[Dataset items]
+++++
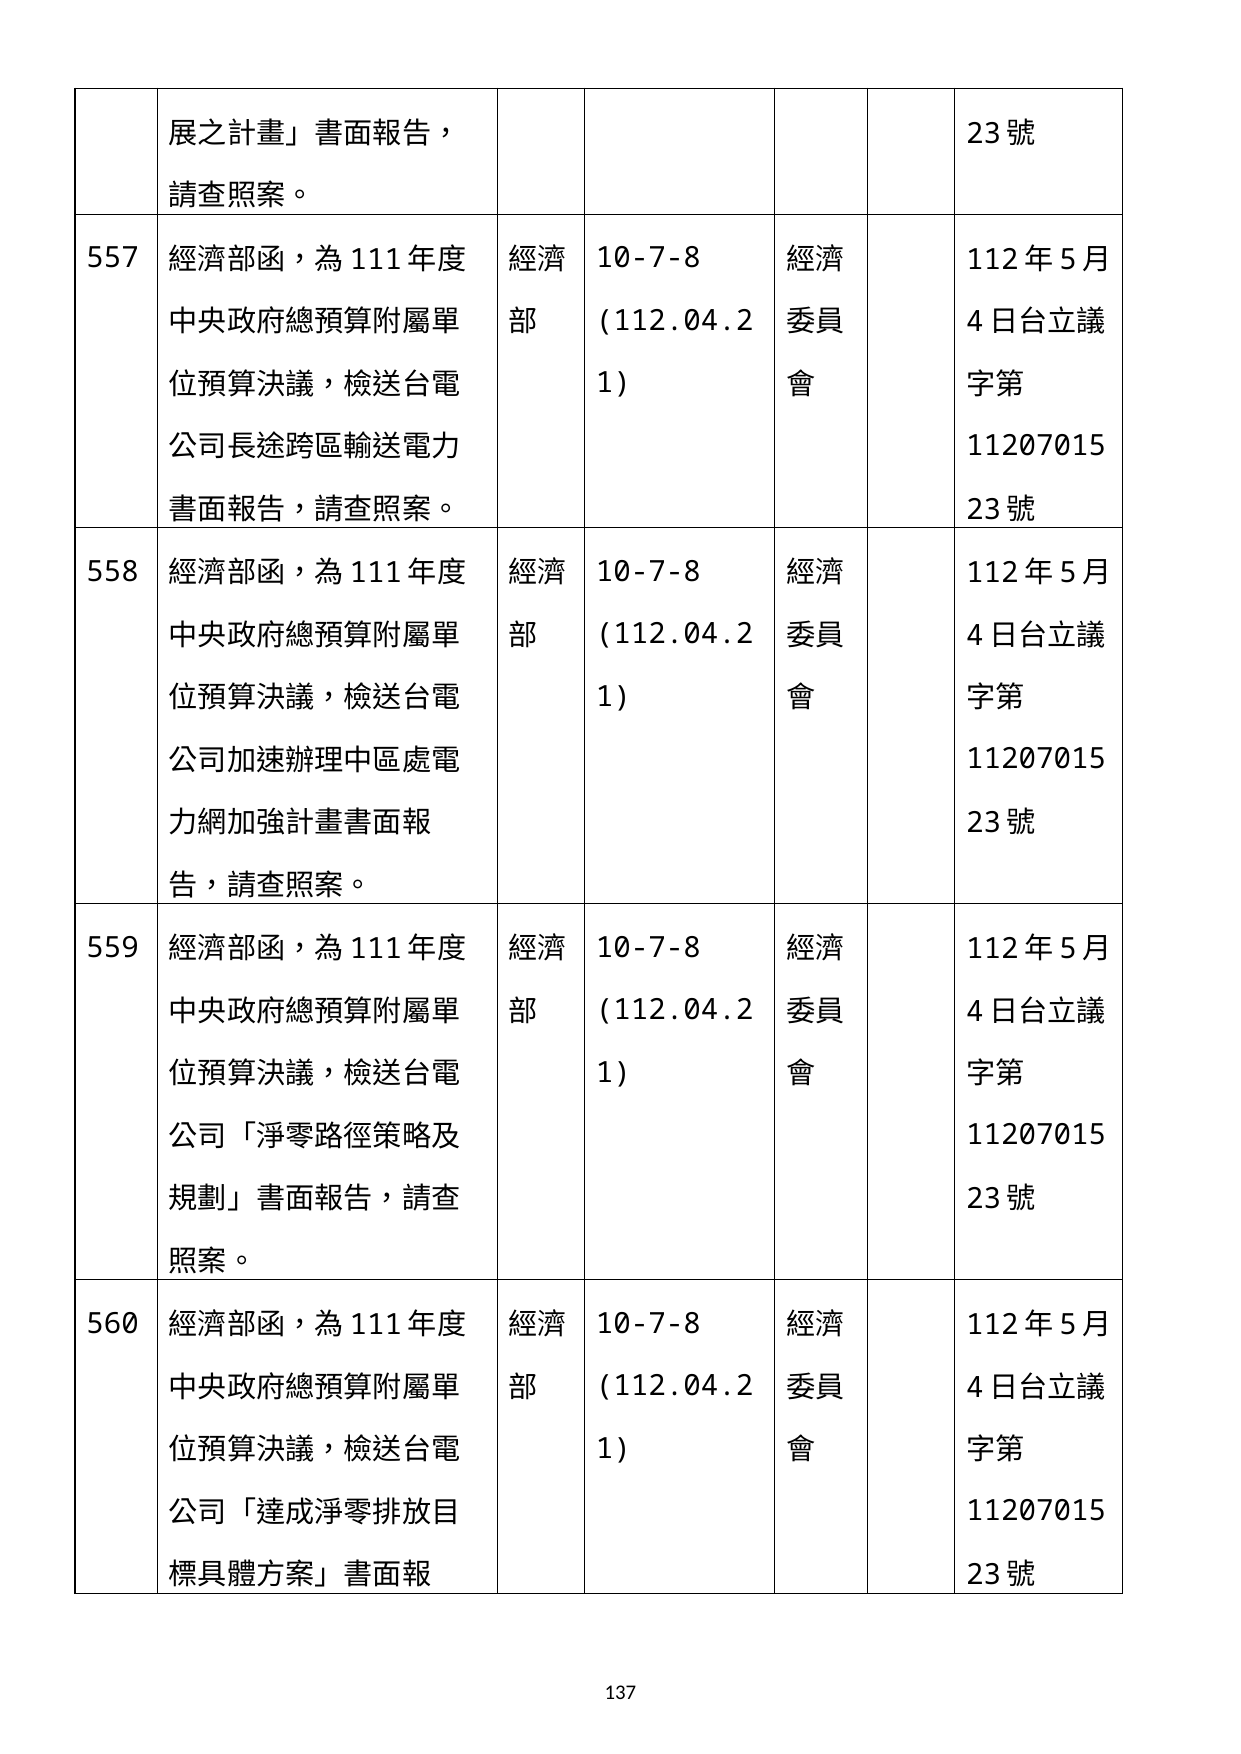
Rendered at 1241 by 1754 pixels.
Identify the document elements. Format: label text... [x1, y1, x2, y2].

table_cell [585, 89, 774, 214]
table_cell 經濟部 [498, 904, 584, 1279]
table_cell 112年5月4日台立議字第1120701523號 [955, 215, 1122, 527]
table_cell 112年5月4日台立議字第1120701523號 [955, 1280, 1122, 1593]
table_cell [498, 89, 584, 214]
table_cell [868, 528, 954, 903]
table_cell [868, 904, 954, 1279]
table_cell 10-7-8 (112.04.21) [585, 1280, 774, 1593]
table_cell 經濟委員會 [775, 215, 867, 527]
table_cell 112年5月4日台立議字第1120701523號 [955, 904, 1122, 1279]
table_cell [868, 1280, 954, 1593]
table_cell 112年5月4日台立議字第1120701523號 [955, 528, 1122, 903]
table_cell 經濟部函，為111年度中央政府總預算附屬單位預算決議，檢送台電公司「達成淨零排放目標具體方案」書面報 [158, 1280, 497, 1593]
table_cell 10-7-8 (112.04.21) [585, 904, 774, 1279]
table_cell [868, 89, 954, 214]
table_cell 經濟委員會 [775, 1280, 867, 1593]
table_cell 10-7-8 (112.04.21) [585, 528, 774, 903]
table_cell 經濟委員會 [775, 904, 867, 1279]
table_cell 經濟委員會 [775, 528, 867, 903]
table_cell [775, 89, 867, 214]
table_cell 557 [76, 215, 157, 527]
table_cell 經濟部函，為111年度中央政府總預算附屬單位預算決議，檢送台電公司「淨零路徑策略及規劃」書面報告，請查照案。 [158, 904, 497, 1279]
table_cell 經濟部函，為111年度中央政府總預算附屬單位預算決議，檢送台電公司加速辦理中區處電力網加強計畫書面報告，請查照案。 [158, 528, 497, 903]
table_cell 560 [76, 1280, 157, 1593]
table_cell 559 [76, 904, 157, 1279]
table_cell 經濟部 [498, 528, 584, 903]
table_cell 558 [76, 528, 157, 903]
table_cell 10-7-8 (112.04.21) [585, 215, 774, 527]
table_cell 23號 [955, 89, 1122, 214]
table_cell 經濟部函，為111年度中央政府總預算附屬單位預算決議，檢送台電公司長途跨區輸送電力書面報告，請查照案。 [158, 215, 497, 527]
table_cell 展之計畫」書面報告，請查照案。 [158, 89, 497, 214]
table_cell [868, 215, 954, 527]
table_cell 經濟部 [498, 1280, 584, 1593]
table_cell [76, 89, 157, 214]
table_cell 經濟部 [498, 215, 584, 527]
+++++
Exercise prompt
Exact repeat, pictures omitted: give every line from the top of the records down to and including the line with "table_cell 560 [76, 1280, 157, 1593]".

Worked solution
Rendered at 1241 by 1754 pixels.
Identify the document elements. Format: label text... [x1, y1, x2, y2].

table_cell [585, 89, 774, 214]
table_cell 經濟部 [498, 904, 584, 1279]
table_cell 112年5月4日台立議字第1120701523號 [955, 215, 1122, 527]
table_cell 112年5月4日台立議字第1120701523號 [955, 1280, 1122, 1593]
table_cell [498, 89, 584, 214]
table_cell [868, 528, 954, 903]
table_cell [868, 904, 954, 1279]
table_cell 10-7-8 (112.04.21) [585, 1280, 774, 1593]
table_cell 經濟委員會 [775, 215, 867, 527]
table_cell 112年5月4日台立議字第1120701523號 [955, 904, 1122, 1279]
table_cell [868, 1280, 954, 1593]
table_cell 112年5月4日台立議字第1120701523號 [955, 528, 1122, 903]
table_cell 經濟部函，為111年度中央政府總預算附屬單位預算決議，檢送台電公司「達成淨零排放目標具體方案」書面報 [158, 1280, 497, 1593]
table_cell 10-7-8 (112.04.21) [585, 904, 774, 1279]
table_cell [868, 89, 954, 214]
table_cell 經濟委員會 [775, 1280, 867, 1593]
table_cell 10-7-8 (112.04.21) [585, 528, 774, 903]
table_cell 經濟委員會 [775, 904, 867, 1279]
table_cell 經濟委員會 [775, 528, 867, 903]
table_cell [775, 89, 867, 214]
table_cell 557 [76, 215, 157, 527]
table_cell 經濟部函，為111年度中央政府總預算附屬單位預算決議，檢送台電公司「淨零路徑策略及規劃」書面報告，請查照案。 [158, 904, 497, 1279]
table_cell 經濟部函，為111年度中央政府總預算附屬單位預算決議，檢送台電公司加速辦理中區處電力網加強計畫書面報告，請查照案。 [158, 528, 497, 903]
table_cell 560 [76, 1280, 157, 1593]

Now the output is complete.